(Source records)
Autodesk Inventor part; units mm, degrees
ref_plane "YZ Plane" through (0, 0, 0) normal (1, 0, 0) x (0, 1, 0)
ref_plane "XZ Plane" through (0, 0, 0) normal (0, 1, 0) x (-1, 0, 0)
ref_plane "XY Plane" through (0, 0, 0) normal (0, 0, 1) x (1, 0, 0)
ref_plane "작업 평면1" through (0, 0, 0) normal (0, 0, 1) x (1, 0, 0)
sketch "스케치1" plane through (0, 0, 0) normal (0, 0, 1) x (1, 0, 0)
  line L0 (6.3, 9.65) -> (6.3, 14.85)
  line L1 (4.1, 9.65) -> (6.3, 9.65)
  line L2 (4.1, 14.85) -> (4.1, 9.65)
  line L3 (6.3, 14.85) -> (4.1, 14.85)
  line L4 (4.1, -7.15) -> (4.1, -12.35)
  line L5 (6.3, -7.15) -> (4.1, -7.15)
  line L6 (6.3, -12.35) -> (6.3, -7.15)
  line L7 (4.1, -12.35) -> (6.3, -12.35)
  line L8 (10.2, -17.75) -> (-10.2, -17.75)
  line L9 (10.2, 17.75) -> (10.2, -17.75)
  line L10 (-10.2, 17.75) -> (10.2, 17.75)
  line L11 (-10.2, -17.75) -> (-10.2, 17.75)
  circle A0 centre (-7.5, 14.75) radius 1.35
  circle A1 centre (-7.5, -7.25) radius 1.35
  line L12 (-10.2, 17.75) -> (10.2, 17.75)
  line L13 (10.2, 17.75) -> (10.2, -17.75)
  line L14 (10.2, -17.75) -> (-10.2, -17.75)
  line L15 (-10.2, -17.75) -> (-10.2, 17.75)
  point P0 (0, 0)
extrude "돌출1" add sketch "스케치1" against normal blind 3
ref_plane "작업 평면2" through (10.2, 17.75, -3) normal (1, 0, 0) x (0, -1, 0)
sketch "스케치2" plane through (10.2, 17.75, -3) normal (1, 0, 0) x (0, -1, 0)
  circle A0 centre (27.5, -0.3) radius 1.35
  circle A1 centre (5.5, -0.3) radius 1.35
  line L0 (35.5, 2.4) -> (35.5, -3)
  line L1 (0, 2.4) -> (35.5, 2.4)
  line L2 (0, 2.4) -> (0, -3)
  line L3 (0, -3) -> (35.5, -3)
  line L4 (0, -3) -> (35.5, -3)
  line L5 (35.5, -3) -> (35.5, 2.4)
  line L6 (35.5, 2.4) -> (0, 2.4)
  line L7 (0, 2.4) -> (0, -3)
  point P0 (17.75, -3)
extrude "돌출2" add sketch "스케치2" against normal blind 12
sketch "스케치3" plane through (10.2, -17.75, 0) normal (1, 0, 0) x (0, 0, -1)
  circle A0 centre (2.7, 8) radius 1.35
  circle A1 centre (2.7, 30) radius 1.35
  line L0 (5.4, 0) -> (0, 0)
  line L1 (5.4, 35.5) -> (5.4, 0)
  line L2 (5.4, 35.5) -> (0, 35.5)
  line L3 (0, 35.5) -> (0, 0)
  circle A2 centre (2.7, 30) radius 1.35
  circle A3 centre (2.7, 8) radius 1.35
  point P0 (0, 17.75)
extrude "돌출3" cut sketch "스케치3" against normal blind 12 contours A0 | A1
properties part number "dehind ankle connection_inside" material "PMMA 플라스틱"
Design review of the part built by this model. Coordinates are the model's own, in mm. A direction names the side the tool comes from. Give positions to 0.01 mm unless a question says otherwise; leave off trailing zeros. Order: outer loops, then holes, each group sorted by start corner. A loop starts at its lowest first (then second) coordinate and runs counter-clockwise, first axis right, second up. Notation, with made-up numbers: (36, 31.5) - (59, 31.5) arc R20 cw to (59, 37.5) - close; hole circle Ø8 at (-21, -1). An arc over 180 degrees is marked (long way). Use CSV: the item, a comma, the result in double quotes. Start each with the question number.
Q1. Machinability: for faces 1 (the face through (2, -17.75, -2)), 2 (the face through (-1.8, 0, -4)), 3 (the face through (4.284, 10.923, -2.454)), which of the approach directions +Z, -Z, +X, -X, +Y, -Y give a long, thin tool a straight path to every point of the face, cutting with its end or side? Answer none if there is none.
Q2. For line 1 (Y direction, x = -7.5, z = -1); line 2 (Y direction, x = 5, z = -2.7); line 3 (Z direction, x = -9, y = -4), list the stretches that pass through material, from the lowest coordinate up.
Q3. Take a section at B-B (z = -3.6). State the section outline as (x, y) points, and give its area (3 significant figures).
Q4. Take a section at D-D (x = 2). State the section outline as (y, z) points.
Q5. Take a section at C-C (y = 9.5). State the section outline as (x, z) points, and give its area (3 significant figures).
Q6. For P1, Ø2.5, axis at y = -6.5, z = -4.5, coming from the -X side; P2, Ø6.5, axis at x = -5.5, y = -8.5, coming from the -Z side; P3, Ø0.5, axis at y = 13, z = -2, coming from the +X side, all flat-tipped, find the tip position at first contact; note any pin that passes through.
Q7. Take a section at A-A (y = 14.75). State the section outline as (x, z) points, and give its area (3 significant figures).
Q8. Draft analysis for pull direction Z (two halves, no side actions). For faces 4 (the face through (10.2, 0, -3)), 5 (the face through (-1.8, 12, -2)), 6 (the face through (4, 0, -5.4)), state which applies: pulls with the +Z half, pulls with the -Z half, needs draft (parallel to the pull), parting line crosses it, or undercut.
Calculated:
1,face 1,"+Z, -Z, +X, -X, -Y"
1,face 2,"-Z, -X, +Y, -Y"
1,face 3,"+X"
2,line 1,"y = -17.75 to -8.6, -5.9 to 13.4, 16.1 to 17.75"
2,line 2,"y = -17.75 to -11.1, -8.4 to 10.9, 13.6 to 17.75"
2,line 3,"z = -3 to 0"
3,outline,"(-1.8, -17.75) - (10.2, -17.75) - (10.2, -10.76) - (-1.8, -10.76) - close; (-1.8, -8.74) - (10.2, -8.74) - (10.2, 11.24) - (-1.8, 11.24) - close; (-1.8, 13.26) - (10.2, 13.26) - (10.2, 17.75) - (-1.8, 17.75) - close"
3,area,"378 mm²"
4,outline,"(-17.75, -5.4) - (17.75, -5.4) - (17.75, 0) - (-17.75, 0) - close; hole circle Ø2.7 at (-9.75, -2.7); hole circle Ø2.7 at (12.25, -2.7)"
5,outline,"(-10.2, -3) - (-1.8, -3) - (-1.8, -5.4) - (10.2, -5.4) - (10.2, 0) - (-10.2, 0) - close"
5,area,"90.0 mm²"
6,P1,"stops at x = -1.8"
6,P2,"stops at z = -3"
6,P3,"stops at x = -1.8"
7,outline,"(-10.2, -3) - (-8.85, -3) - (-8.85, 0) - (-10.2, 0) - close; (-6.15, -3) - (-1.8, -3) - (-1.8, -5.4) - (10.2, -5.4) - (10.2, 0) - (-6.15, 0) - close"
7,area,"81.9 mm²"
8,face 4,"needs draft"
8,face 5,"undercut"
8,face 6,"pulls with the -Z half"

◆ About this task ◆
Search the entries above for lines containing the word "against", and copy each one.

◆ Solution for this task ◆
extrude "돌출1" add sketch "스케치1" against normal blind 3
extrude "돌출2" add sketch "스케치2" against normal blind 12
extrude "돌출3" cut sketch "스케치3" against normal blind 12 contours A0 | A1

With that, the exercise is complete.